(Provided material):

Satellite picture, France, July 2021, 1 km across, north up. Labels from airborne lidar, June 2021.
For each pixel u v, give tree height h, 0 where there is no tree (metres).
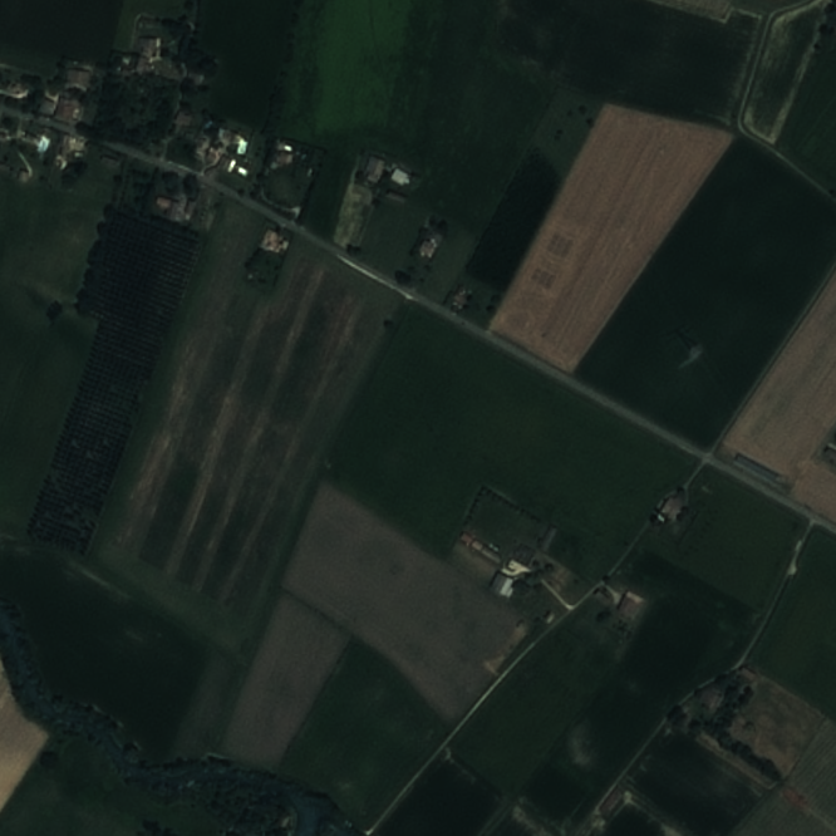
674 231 0
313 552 0
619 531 0
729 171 0
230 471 0
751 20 0
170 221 9
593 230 0
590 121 7
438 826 0
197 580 0
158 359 16
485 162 0
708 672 0
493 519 0
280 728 0
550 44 0
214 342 0
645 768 0
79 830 0
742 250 0
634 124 0
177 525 0
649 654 0
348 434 0
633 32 0
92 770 0
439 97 0
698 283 0
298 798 0
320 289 0
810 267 0
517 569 0
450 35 0
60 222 0
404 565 0
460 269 0
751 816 0
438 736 0
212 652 0
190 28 13
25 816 0
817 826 0
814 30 0
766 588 0
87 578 0
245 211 0
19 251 0
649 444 0
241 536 0
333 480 0
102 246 17
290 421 0
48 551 0
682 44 0
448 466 0
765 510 0
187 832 0
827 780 0
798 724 0
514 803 0
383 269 0
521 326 0
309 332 0
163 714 0
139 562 0
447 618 0
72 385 0
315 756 0
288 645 0
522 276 0
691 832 0
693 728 12
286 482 0
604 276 0
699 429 0
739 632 0
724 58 0
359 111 0
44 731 0
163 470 0
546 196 7
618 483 0
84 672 0
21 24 0
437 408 0
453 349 0
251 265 8
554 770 0
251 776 7
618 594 0
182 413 0
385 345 0
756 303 0
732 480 0
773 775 7
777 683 0
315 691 0
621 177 0
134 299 20
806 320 0
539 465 0
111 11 0
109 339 19
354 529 0
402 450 0
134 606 0
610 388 0
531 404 0
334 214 0
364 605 0
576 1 0
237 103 0
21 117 0
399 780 0
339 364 0
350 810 0
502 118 0
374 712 0
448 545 0
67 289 0
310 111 0
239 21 0
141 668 0
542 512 0
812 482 0
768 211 0
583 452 0
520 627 0
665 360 0
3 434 0
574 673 0
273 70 0
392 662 0
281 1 0
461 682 0
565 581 0
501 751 0
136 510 0
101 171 0
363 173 9
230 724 0
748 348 0
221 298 0
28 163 0
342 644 0
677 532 0
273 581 0
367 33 0
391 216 0
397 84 0
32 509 0
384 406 0
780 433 0
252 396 0
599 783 0
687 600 0
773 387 0
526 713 0
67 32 0
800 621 0
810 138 0
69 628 0
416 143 0
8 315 0
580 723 0
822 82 0
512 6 0
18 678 7
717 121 0
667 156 0
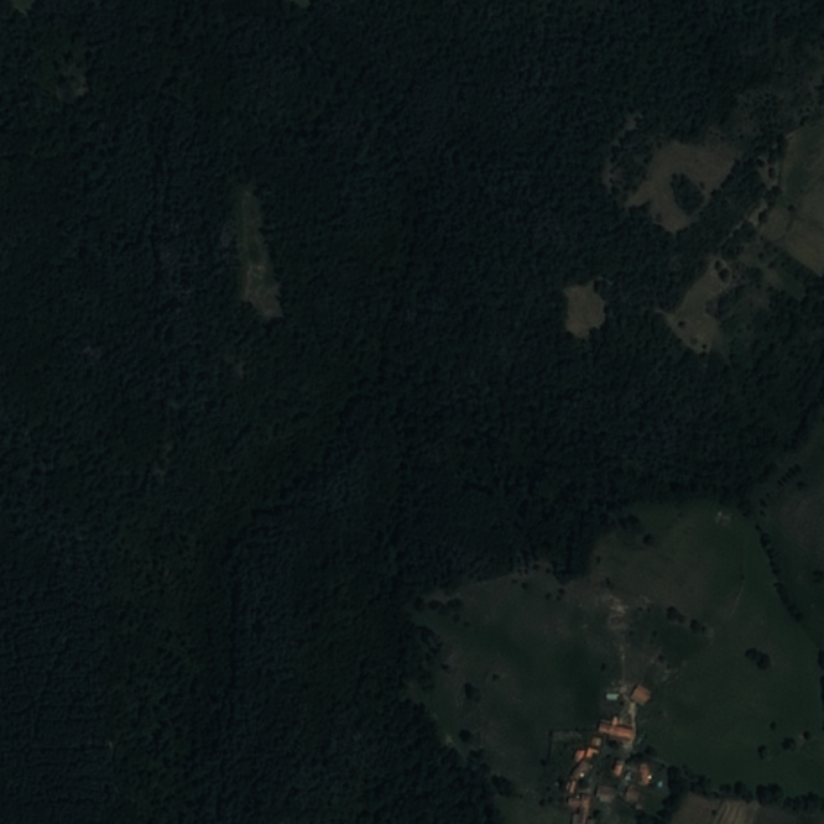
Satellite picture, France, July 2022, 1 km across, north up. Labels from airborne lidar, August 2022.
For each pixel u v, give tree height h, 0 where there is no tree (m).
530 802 0
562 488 6
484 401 22
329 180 19
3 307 18
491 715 0
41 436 15
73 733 21
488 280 20
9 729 18
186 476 13
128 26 14
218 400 15
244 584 25
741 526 0
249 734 27
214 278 22
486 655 0
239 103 12
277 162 24
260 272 0
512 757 0
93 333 16
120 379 19
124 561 11
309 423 7
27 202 14
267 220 6
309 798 10
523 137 13
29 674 20
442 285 22
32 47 7
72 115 14
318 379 11
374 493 24
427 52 10
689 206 8
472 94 19
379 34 8
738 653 0
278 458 13
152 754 23
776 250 7
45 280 14
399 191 23
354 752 14
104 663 13
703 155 0
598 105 13
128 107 22
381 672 18
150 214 18
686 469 20
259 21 19
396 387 25
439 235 22
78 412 13
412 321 14
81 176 18
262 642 22
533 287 9
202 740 8
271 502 8
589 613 0
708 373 9
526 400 19
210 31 7
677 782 15
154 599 9
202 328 20
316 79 19
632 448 18
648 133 14
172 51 9
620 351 12
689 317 0
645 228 13
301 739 7
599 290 13
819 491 0
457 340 15
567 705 0
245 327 11
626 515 19
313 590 9
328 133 23
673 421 17
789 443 7
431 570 13
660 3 18
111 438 16
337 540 14
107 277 25
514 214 16
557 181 17
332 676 9
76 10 8
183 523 23
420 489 19
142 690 16
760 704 0
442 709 0
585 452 18
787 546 0
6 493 12
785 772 0
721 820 0
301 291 14
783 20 12
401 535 25
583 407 15
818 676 0
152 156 8
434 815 13
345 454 15
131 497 19
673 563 0
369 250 18
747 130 0
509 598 0
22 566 18
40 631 21
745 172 8
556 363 9
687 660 0
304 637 15
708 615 0
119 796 13
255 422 13
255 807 9
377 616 14
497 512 23
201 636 9
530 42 7
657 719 0
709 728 0
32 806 19

(Goal of the exercise):
Your reply should hold all the lines from the listing above in which "across" appears.

(Response to the exercise):
Satellite picture, France, July 2021, 1 km across, north up. Labels from airborne lidar, June 2021.
Satellite picture, France, July 2022, 1 km across, north up. Labels from airborne lidar, August 2022.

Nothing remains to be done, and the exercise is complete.